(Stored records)
..........
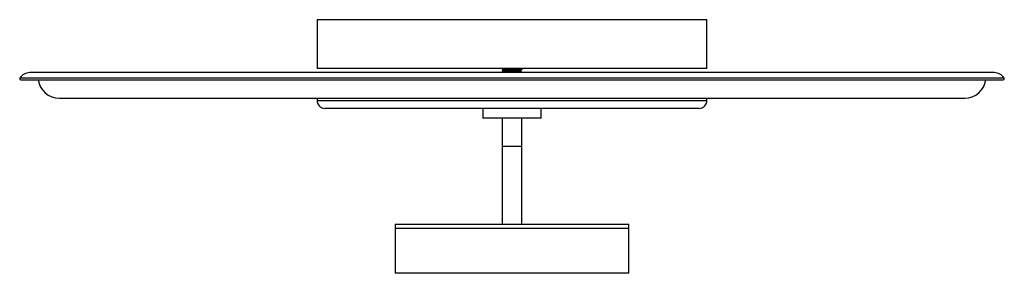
# Paper-space layout '_Superior' of a CAD drawing. Header units: inches. Extents: x -1.6 to 18.3, y -43.6 to -38.5.
import ezdxf

# ---------------------------------------------------------------- set-up
doc = ezdxf.new("R2010")
doc.units = ezdxf.units.IN
doc.header["$MEASUREMENT"] = 0

psp = doc.layouts.new('_Superior')

# ---------------------------------------------------------------- linework, layer by layer
at = {"color": 7, "linetype": 'Continuous', "lineweight": 25}
for p, q in [((4.44, -38.523), (4.44, -39.508)), ((12.314, -38.523), (4.44, -38.523)), ((12.314, -39.508), (12.314, -38.523)), ((12.314, -39.508), (4.44, -39.508)), ((8.181, -39.508), (8.181, -39.522)), ((8.181, -39.546), (8.181, -39.55)), ((8.181, -39.574), (8.181, -39.577)), ((8.195, -39.531), (8.195, -39.537)), ((8.558, -39.524), (8.558, -39.517)), ((8.571, -39.508), (8.569, -39.509)), ((8.571, -39.536), (8.569, -39.537)), ((8.571, -39.563), (8.569, -39.564)), ((8.573, -39.508), (8.573, -39.532)), ((8.574, -39.536), (8.574, -39.532)), ((8.574, -39.563), (8.574, -39.56)), ((18.321, -39.704), (-1.566, -39.704)), ((-1.549, -39.734), (18.304, -39.734)), ((18.12, -39.592), (-1.365, -39.592)), ((8.574, -39.591), (8.574, -39.587)), ((-0.768, -40.106), (17.523, -40.106)), ((4.44, -40.106), (4.44, -40.157)), ((4.44, -40.157), (12.314, -40.157)), ((12.314, -40.157), (12.314, -40.106)), ((12.157, -40.315), (4.598, -40.315)), ((7.787, -40.315), (7.787, -40.512)), ((8.968, -40.512), (8.968, -40.315)), ((8.968, -40.512), (7.787, -40.512)), ((8.181, -40.512), (8.181, -42.657)), ((8.574, -42.657), (8.574, -40.512)), ((8.574, -41.082), (8.181, -41.082)), ((6.015, -42.657), (6.015, -43.642)), ((10.74, -42.657), (6.015, -42.657)), ((10.74, -42.736), (6.015, -42.736)), ((10.74, -43.642), (10.74, -42.657)), ((10.74, -43.642), (6.015, -43.642))]:
    psp.add_line(p, q, dxfattribs=at)
for centre, radius, start, end in [((-1.549, -39.714), 0.0197, 148.2117, 270), ((-1.365, -39.828), 0.236, 90, 148.2117), ((-0.768, -39.673), 0.433, 188.0995, 270), ((17.523, -39.673), 0.433, 270, 351.9005), ((18.12, -39.828), 0.236, 31.7883, 90), ((18.304, -39.714), 0.0197, 270, 31.7883), ((4.598, -40.157), 0.157, 180, 270), ((12.157, -40.157), 0.157, 270, 0)]:
    psp.add_arc(centre, radius, start, end, dxfattribs=at)
for points, knots in [([(8.181, -39.522), (8.183, -39.524), (8.188, -39.526), (8.193, -39.529), (8.195, -39.531)], [0, 0, 0, 0, 0.506173, 1, 1, 1, 1]), ([(8.196, -39.537), (8.193, -39.539), (8.188, -39.542), (8.183, -39.545), (8.181, -39.546)], [0, 0, 0, 0, 0.499989, 1, 1, 1, 1]), ([(8.181, -39.55), (8.183, -39.551), (8.188, -39.554), (8.193, -39.557), (8.195, -39.558)], [0, 0, 0, 0, 0.506261, 1, 1, 1, 1]), ([(8.196, -39.565), (8.193, -39.566), (8.188, -39.569), (8.183, -39.572), (8.181, -39.574)], [0, 0, 0, 0, 0.500074, 1, 1, 1, 1]), ([(8.181, -39.577), (8.183, -39.579), (8.188, -39.582), (8.193, -39.584), (8.195, -39.586)], [0, 0, 0, 0, 0.506349, 1, 1, 1, 1]), ([(8.561, -39.51), (8.555, -39.51), (8.54, -39.511), (8.487, -39.513), (8.411, -39.514), (8.327, -39.516), (8.254, -39.518), (8.204, -39.52), (8.179, -39.521), (8.183, -39.522), (8.184, -39.522)], [0, 0, 0, 0, 0.098374, 0.225116, 0.377203, 0.530408, 0.663091, 0.801222, 0.935992, 1, 1, 1, 1]), ([(8.571, -39.532), (8.571, -39.533), (8.572, -39.534), (8.542, -39.535), (8.488, -39.537), (8.411, -39.539), (8.327, -39.54), (8.254, -39.542), (8.204, -39.544), (8.18, -39.545), (8.183, -39.546), (8.184, -39.546)], [0, 0, 0, 0, 0.075347, 0.196066, 0.312407, 0.452012, 0.592643, 0.714438, 0.841232, 0.964942, 1, 1, 1, 1]), ([(8.561, -39.537), (8.555, -39.538), (8.54, -39.539), (8.487, -39.54), (8.411, -39.542), (8.327, -39.544), (8.254, -39.545), (8.204, -39.547), (8.179, -39.549), (8.183, -39.55), (8.184, -39.55)], [0, 0, 0, 0, 0.098357, 0.225098, 0.377184, 0.530388, 0.663071, 0.801201, 0.93597, 1, 1, 1, 1]), ([(8.571, -39.56), (8.571, -39.56), (8.572, -39.561), (8.542, -39.563), (8.488, -39.564), (8.411, -39.566), (8.327, -39.568), (8.254, -39.57), (8.204, -39.571), (8.18, -39.573), (8.183, -39.573), (8.184, -39.574)], [0, 0, 0, 0, 0.075346, 0.196063, 0.312402, 0.452004, 0.592634, 0.714426, 0.841218, 0.964926, 1, 1, 1, 1]), ([(8.561, -39.565), (8.555, -39.565), (8.54, -39.566), (8.487, -39.568), (8.411, -39.57), (8.327, -39.571), (8.254, -39.573), (8.204, -39.575), (8.179, -39.576), (8.183, -39.577), (8.184, -39.577)], [0, 0, 0, 0, 0.09834, 0.225081, 0.377166, 0.530369, 0.663051, 0.80118, 0.935949, 1, 1, 1, 1]), ([(8.195, -39.558), (8.195, -39.559), (8.195, -39.562), (8.195, -39.564), (8.195, -39.565)], [0, 0, 0, 0, 0.505395, 1, 1, 1, 1]), ([(8.547, -39.518), (8.542, -39.519), (8.528, -39.52), (8.479, -39.521), (8.408, -39.523), (8.33, -39.525), (8.263, -39.527), (8.217, -39.528), (8.195, -39.53), (8.198, -39.53), (8.199, -39.531)], [0, 0, 0, 0, 0.100404, 0.229132, 0.383603, 0.539209, 0.673972, 0.814268, 0.95115, 1, 1, 1, 1]), ([(8.55, -39.525), (8.543, -39.526), (8.529, -39.527), (8.479, -39.528), (8.408, -39.53), (8.33, -39.532), (8.263, -39.533), (8.218, -39.535), (8.195, -39.537), (8.198, -39.537), (8.198, -39.537)], [0, 0, 0, 0, 0.111743, 0.240477, 0.394955, 0.550569, 0.685338, 0.825641, 0.96253, 1, 1, 1, 1]), ([(8.547, -39.546), (8.542, -39.546), (8.528, -39.547), (8.479, -39.549), (8.408, -39.551), (8.33, -39.553), (8.263, -39.554), (8.217, -39.556), (8.195, -39.557), (8.198, -39.558), (8.199, -39.558)], [0, 0, 0, 0, 0.100387, 0.229117, 0.383591, 0.5392, 0.673966, 0.814264, 0.951149, 1, 1, 1, 1]), ([(8.55, -39.553), (8.543, -39.553), (8.529, -39.554), (8.479, -39.556), (8.408, -39.557), (8.33, -39.559), (8.263, -39.561), (8.218, -39.563), (8.195, -39.564), (8.198, -39.565), (8.198, -39.565)], [0, 0, 0, 0, 0.111722, 0.240457, 0.394935, 0.55055, 0.68532, 0.825623, 0.962513, 1, 1, 1, 1]), ([(8.547, -39.573), (8.542, -39.574), (8.528, -39.575), (8.479, -39.576), (8.408, -39.578), (8.33, -39.58), (8.263, -39.582), (8.217, -39.584), (8.195, -39.585), (8.198, -39.586), (8.199, -39.586)], [0, 0, 0, 0, 0.1003699, 0.2291028, 0.383579, 0.5391915, 0.6739591, 0.8142602, 0.951148, 1, 1, 1, 1]), ([(8.55, -39.518), (8.552, -39.517), (8.557, -39.514), (8.561, -39.511), (8.564, -39.51)], [0, 0, 0, 0, 0.499998, 1, 1, 1, 1]), ([(8.55, -39.546), (8.552, -39.544), (8.557, -39.542), (8.561, -39.539), (8.564, -39.537)], [0, 0, 0, 0, 0.499946, 1, 1, 1, 1]), ([(8.55, -39.573), (8.552, -39.572), (8.557, -39.569), (8.561, -39.566), (8.564, -39.565)], [0, 0, 0, 0, 0.4998935, 1, 1, 1, 1]), ([(8.566, -39.534), (8.563, -39.532), (8.558, -39.529), (8.554, -39.526), (8.551, -39.525)], [0, 0, 0, 0, 0.5000017, 1, 1, 1, 1]), ([(8.566, -39.561), (8.563, -39.56), (8.558, -39.557), (8.554, -39.554), (8.551, -39.553)], [0, 0, 0, 0, 0.4999511, 1, 1, 1, 1]), ([(8.566, -39.589), (8.563, -39.587), (8.558, -39.584), (8.554, -39.582), (8.551, -39.58)], [0, 0, 0, 0, 0.499901, 1, 1, 1, 1]), ([(8.558, -39.552), (8.558, -39.551), (8.558, -39.548), (8.558, -39.546), (8.558, -39.545)], [0, 0, 0, 0, 0.499884, 1, 1, 1, 1]), ([(8.558, -39.579), (8.558, -39.578), (8.558, -39.576), (8.558, -39.574), (8.558, -39.572)], [0, 0, 0, 0, 0.499768, 1, 1, 1, 1]), ([(8.571, -39.587), (8.573, -39.588), (8.574, -39.588), (8.566, -39.589), (8.564, -39.589)], [0, 0, 0, 0, 0.784025, 1, 1, 1, 1])]:
    psp.add_open_spline(points, degree=3, knots=knots, dxfattribs=at)

doc.saveas('drawing.dxf')
..........
_The task_. What lines in the entries above hold "ezdxf"? Copy every one.

_Task result_.
import ezdxf
doc = ezdxf.new("R2010")
doc.units = ezdxf.units.IN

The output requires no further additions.